From Fen Bridge to Whitepost Road, 2.75 mi of Car Dyke is scheduled, with two small gaps where the course is cut by Guntons Road and Gunthorpe Road. The overall width of the channel, including the berms, banks and scarps, is between 44 and 77 yd. The remains are in good condition, despite the fact that Car Dyke has been reused as part of the modern land drainage system. It then passes through Peterborough where parts of its course are visible, but much has been obliterated by the construction of the A1139 Frank Perkins Parkway. It reaches the River Nene at Fengate.

===Southern section===
The southern section runs for 5 mi from Setchel Fen, on the south bank of the Old West River to the River Cam at Waterbeach. There are no remaining earthworks on Setchel Fen, although the Ordnance Survey show a proposed course across the southern part of the fen, and a continuation of the route has been reused as a drain to the north of the Engine Drain. To the north of Setchel Drove, Car Dyke runs along the eastern edge of Bullocks Haste Common, where there was a Romano-British settlement. The site is a scheduled monument, but the northern section has been ploughed, and the remains are only visible from aerial photographs. The site continues to the south of Setchel Drove, where there is a series of dykes and field systems, with Car Dyke running through the midst of them. Cottenham Lode, an artificial channel known to have been built before the Norman conquest of 1066, marks the southern edge of Bullocks Haste Common. After that, the dyke has been reused as a drainage channel. It is crossed by the B1049 Twenty Pence Road and by Long Drove drain. There is then a dry section which is a scheduled monument.

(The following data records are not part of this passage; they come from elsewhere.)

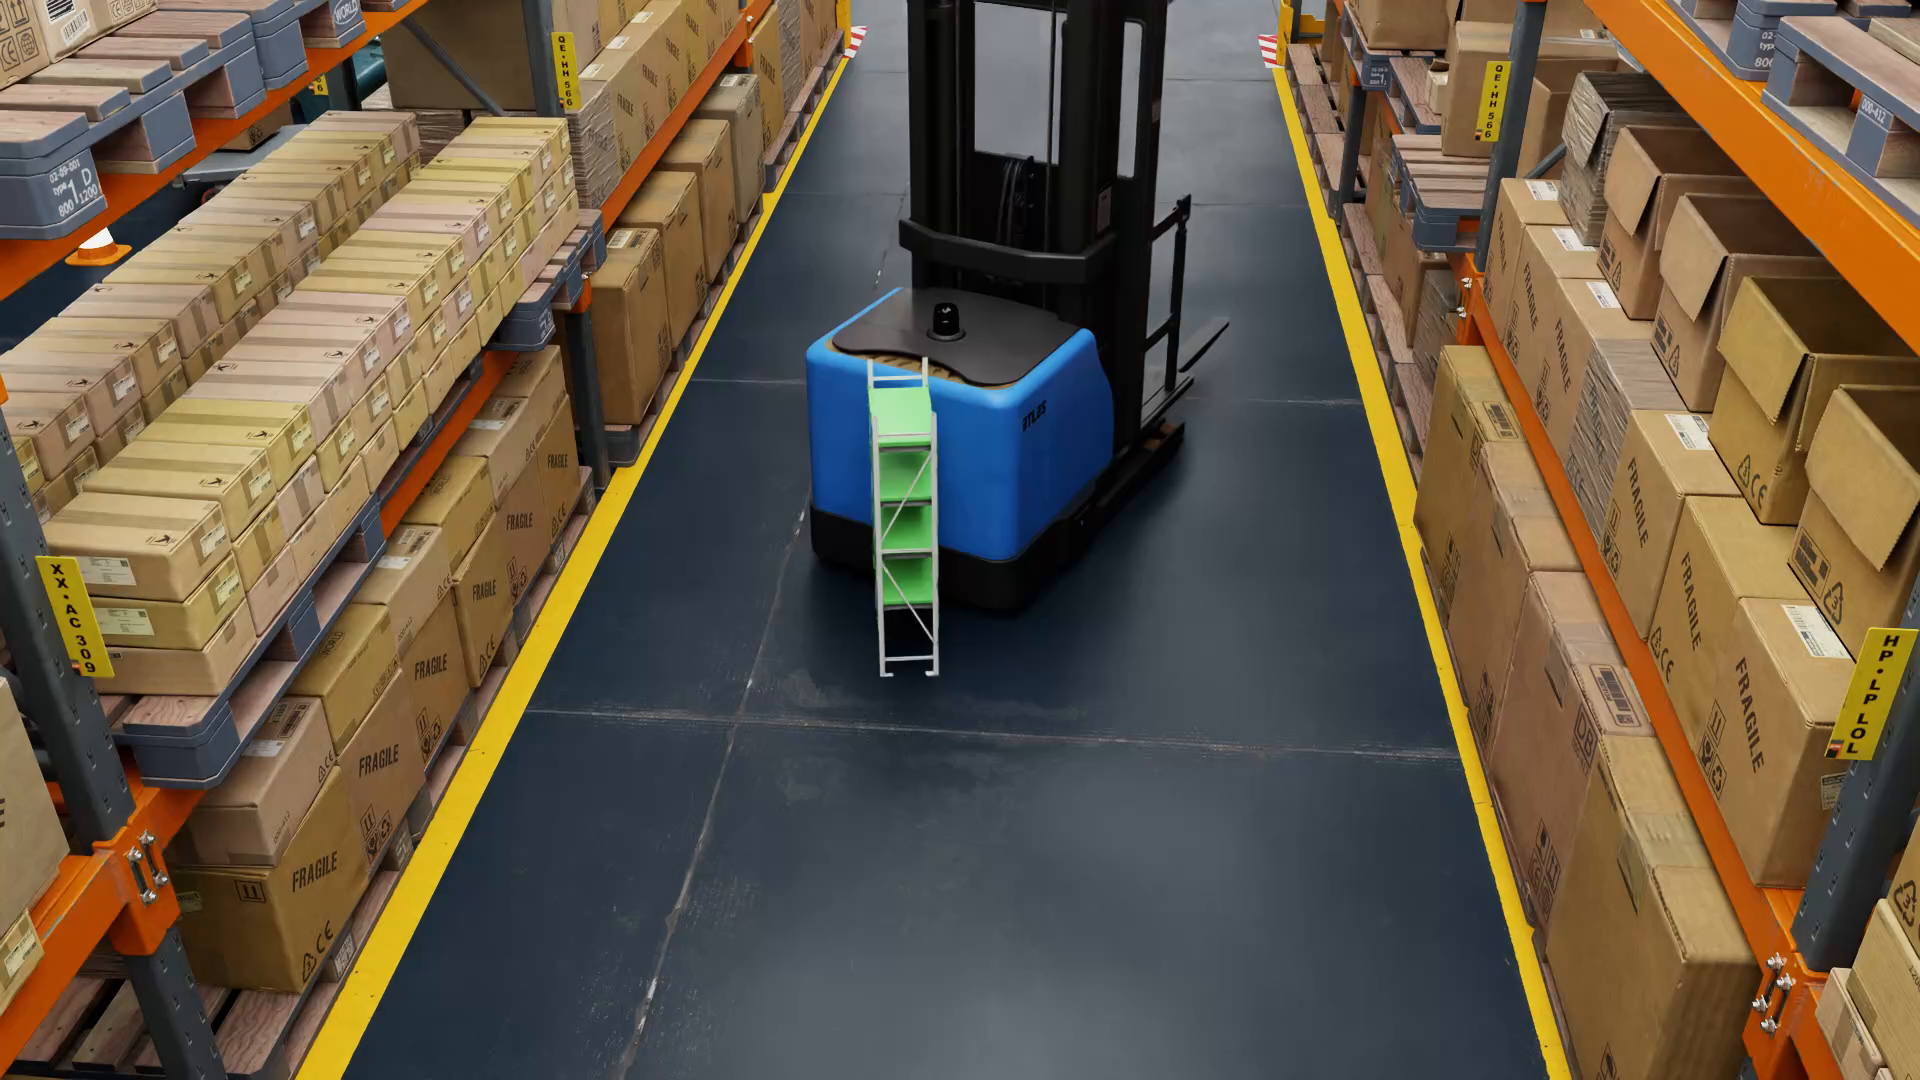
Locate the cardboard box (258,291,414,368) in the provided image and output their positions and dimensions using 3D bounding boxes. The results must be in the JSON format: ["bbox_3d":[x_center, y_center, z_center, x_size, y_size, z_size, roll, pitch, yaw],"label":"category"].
[{"bbox_3d":[-1.960,-0.661,5.236,0.380,0.149,0.250,4,32,6],"label":"cardboard box"}]

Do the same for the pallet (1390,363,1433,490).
[{"bbox_3d":[2.772,-0.522,8.396,1.003,0.211,1.213,2,32,4],"label":"pallet"}]

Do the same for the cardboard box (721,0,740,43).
[{"bbox_3d":[-1.679,-3.415,10.337,0.500,0.500,0.500,2,32,4],"label":"cardboard box"}]

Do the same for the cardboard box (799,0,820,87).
[{"bbox_3d":[-1.636,-4.205,13.339,0.875,0.875,0.875,2,32,3],"label":"cardboard box"}]

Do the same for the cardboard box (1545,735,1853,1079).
[{"bbox_3d":[2.413,1.181,4.599,1.225,0.875,0.875,3,32,4],"label":"cardboard box"}]

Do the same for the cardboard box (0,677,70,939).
[{"bbox_3d":[-2.312,0.622,3.503,0.500,0.500,0.500,3,32,4],"label":"cardboard box"}]

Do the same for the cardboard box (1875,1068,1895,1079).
[{"bbox_3d":[2.004,1.176,3.222,0.380,0.149,0.250,1,32,2],"label":"cardboard box"}]

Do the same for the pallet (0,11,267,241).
[{"bbox_3d":[-2.398,-0.989,3.816,1.213,0.211,1.003,2,32,4],"label":"pallet"}]

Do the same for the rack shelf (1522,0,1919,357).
[{"bbox_3d":[2.544,-1.225,4.706,1.077,0.370,4.000,2,32,4],"label":"rack shelf"}]

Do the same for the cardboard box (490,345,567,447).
[{"bbox_3d":[-2.023,-0.630,7.181,0.500,0.250,0.500,2,32,3],"label":"cardboard box"}]

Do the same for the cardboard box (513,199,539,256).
[{"bbox_3d":[-1.854,-1.209,6.408,0.380,0.149,0.250,3,32,5],"label":"cardboard box"}]

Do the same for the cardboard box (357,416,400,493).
[{"bbox_3d":[-1.981,-0.272,5.171,0.380,0.149,0.250,1,32,2],"label":"cardboard box"}]

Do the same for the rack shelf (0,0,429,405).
[{"bbox_3d":[-2.391,-1.490,5.136,1.077,0.370,4.000,2,32,4],"label":"rack shelf"}]

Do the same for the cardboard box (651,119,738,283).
[{"bbox_3d":[-1.946,-2.045,9.954,1.050,0.750,0.750,2,32,4],"label":"cardboard box"}]

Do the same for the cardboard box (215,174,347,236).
[{"bbox_3d":[-2.525,-1.250,6.191,0.380,0.149,0.250,1,32,2],"label":"cardboard box"}]

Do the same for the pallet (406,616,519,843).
[{"bbox_3d":[-2.396,0.667,6.467,1.003,0.211,1.213,2,32,4],"label":"pallet"}]

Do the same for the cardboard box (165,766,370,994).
[{"bbox_3d":[-2.230,1.037,5.191,0.500,0.500,0.500,4,32,6],"label":"cardboard box"}]

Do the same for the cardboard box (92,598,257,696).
[{"bbox_3d":[-2.064,0.268,4.295,0.380,0.149,0.250,1,32,2],"label":"cardboard box"}]

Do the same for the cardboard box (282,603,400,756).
[{"bbox_3d":[-2.190,0.439,5.446,0.500,0.250,0.500,3,32,5],"label":"cardboard box"}]

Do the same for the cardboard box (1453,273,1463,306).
[{"bbox_3d":[2.764,-1.372,8.366,0.500,0.250,0.500,6,32,10],"label":"cardboard box"}]

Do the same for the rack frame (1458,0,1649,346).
[{"bbox_3d":[2.707,-1.301,7.001,1.000,3.000,0.127,2,32,4],"label":"rack frame"}]

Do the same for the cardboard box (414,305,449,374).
[{"bbox_3d":[-1.939,-0.676,5.544,0.380,0.149,0.250,2,32,3],"label":"cardboard box"}]

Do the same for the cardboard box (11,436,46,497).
[{"bbox_3d":[-2.695,-0.158,4.419,0.380,0.149,0.250,2,32,3],"label":"cardboard box"}]

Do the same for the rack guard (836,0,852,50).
[{"bbox_3d":[-1.575,-4.697,14.895,1.175,0.500,0.348,2,32,4],"label":"rack guard"}]

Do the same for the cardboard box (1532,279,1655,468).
[{"bbox_3d":[2.318,-0.563,5.709,0.500,0.500,0.500,2,32,3],"label":"cardboard box"}]

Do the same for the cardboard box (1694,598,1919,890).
[{"bbox_3d":[2.147,0.492,3.997,0.500,0.500,0.500,3,32,4],"label":"cardboard box"}]

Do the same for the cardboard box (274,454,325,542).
[{"bbox_3d":[-2.024,-0.129,4.656,0.380,0.149,0.250,3,32,5],"label":"cardboard box"}]

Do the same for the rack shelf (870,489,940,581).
[{"bbox_3d":[-0.229,-0.029,6.775,0.258,0.148,0.480,-3,32,-4],"label":"rack shelf"}]

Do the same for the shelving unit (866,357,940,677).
[{"bbox_3d":[-0.229,-0.083,6.742,0.258,1.200,0.503,-3,32,-4],"label":"shelving unit"}]

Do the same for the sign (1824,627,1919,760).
[{"bbox_3d":[1.839,0.314,3.354,0.100,0.325,0.005,2,32,4],"label":"sign"}]

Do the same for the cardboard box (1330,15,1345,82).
[{"bbox_3d":[3.276,-3.959,13.297,0.500,0.500,0.500,11,33,17],"label":"cardboard box"}]

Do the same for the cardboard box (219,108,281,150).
[{"bbox_3d":[-5.068,-3.013,11.441,0.500,0.500,0.500,2,32,4],"label":"cardboard box"}]

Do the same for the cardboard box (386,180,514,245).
[{"bbox_3d":[-1.874,-1.207,6.121,0.380,0.149,0.250,3,32,5],"label":"cardboard box"}]

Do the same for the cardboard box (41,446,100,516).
[{"bbox_3d":[-2.675,-0.156,4.700,0.380,0.149,0.250,4,32,6],"label":"cardboard box"}]

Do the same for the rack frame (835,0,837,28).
[{"bbox_3d":[-1.577,-5.748,14.219,1.000,3.000,0.127,2,32,4],"label":"rack frame"}]

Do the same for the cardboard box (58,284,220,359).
[{"bbox_3d":[-2.609,-0.698,5.296,0.380,0.149,0.250,1,32,2],"label":"cardboard box"}]

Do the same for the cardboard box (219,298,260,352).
[{"bbox_3d":[-2.590,-0.705,5.590,0.380,0.149,0.250,4,32,6],"label":"cardboard box"}]

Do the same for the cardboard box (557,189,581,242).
[{"bbox_3d":[-1.811,-1.359,6.936,0.380,0.149,0.250,3,32,5],"label":"cardboard box"}]

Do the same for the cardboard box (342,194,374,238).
[{"bbox_3d":[-2.507,-1.238,6.455,0.380,0.149,0.250,2,32,2],"label":"cardboard box"}]

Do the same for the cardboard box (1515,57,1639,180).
[{"bbox_3d":[2.711,-1.806,7.326,0.500,0.500,0.500,-1,32,-2],"label":"cardboard box"}]

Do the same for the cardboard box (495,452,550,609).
[{"bbox_3d":[-2.068,-0.053,6.960,0.500,0.500,0.500,4,32,6],"label":"cardboard box"}]

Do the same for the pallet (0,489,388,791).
[{"bbox_3d":[-2.347,0.215,4.726,1.003,0.211,1.213,2,32,4],"label":"pallet"}]

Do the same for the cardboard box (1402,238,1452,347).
[{"bbox_3d":[2.813,-1.362,9.065,0.700,0.500,0.500,5,32,8],"label":"cardboard box"}]

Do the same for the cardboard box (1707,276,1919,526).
[{"bbox_3d":[2.492,-0.371,4.442,0.797,0.503,0.637,3,32,5],"label":"cardboard box"}]

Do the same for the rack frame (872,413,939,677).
[{"bbox_3d":[-0.209,0.044,6.535,0.240,1.200,0.015,-3,32,-4],"label":"rack frame"}]

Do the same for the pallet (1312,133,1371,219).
[{"bbox_3d":[3.052,-2.558,11.699,1.003,0.211,1.213,2,32,4],"label":"pallet"}]

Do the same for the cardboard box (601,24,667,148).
[{"bbox_3d":[-1.843,-2.361,8.626,0.500,0.500,0.500,2,32,4],"label":"cardboard box"}]

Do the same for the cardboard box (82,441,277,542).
[{"bbox_3d":[-2.047,-0.131,4.376,0.380,0.149,0.250,3,32,5],"label":"cardboard box"}]

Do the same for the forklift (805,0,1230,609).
[{"bbox_3d":[0.486,-1.696,7.708,1.130,2.935,3.031,16,35,25],"label":"forklift"}]

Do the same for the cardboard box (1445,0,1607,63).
[{"bbox_3d":[2.983,-2.704,8.781,0.797,0.503,0.637,6,32,9],"label":"cardboard box"}]

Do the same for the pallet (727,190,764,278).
[{"bbox_3d":[-1.891,-2.063,10.896,1.003,0.211,1.213,2,32,4],"label":"pallet"}]

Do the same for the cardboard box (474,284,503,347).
[{"bbox_3d":[-1.897,-0.824,6.068,0.380,0.149,0.250,1,32,2],"label":"cardboard box"}]

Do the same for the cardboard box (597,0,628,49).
[{"bbox_3d":[-2.103,-2.801,8.387,0.700,0.500,0.500,2,32,3],"label":"cardboard box"}]

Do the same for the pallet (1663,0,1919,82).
[{"bbox_3d":[2.619,-1.573,4.765,1.003,0.211,1.213,4,32,6],"label":"pallet"}]

The route continues southwards, running to the west of Cambridge Research Park, and again is used as a drainage ditch. It is then cut by the A10 road, which runs along the western bank of the route, with a disused airfield to the east. The route has been lost through Waterbeach, where Denny End has been built over its course, but there is a final section to the south of the village, which is also a scheduled monument and a drainage channel. This section is known as The Old Tillage, and is crossed by the Fen Line railway just before it reaches the River Cam.

==Fens Waterways Link==
The section between the rivers Nene and Welland may be restored to navigation as a section of the new Fens Waterways Link for leisure craft. An engineering study has been made, but because of concerns for its historic status it is not the preferred route, with the Cat's Water Drain being the other considered option.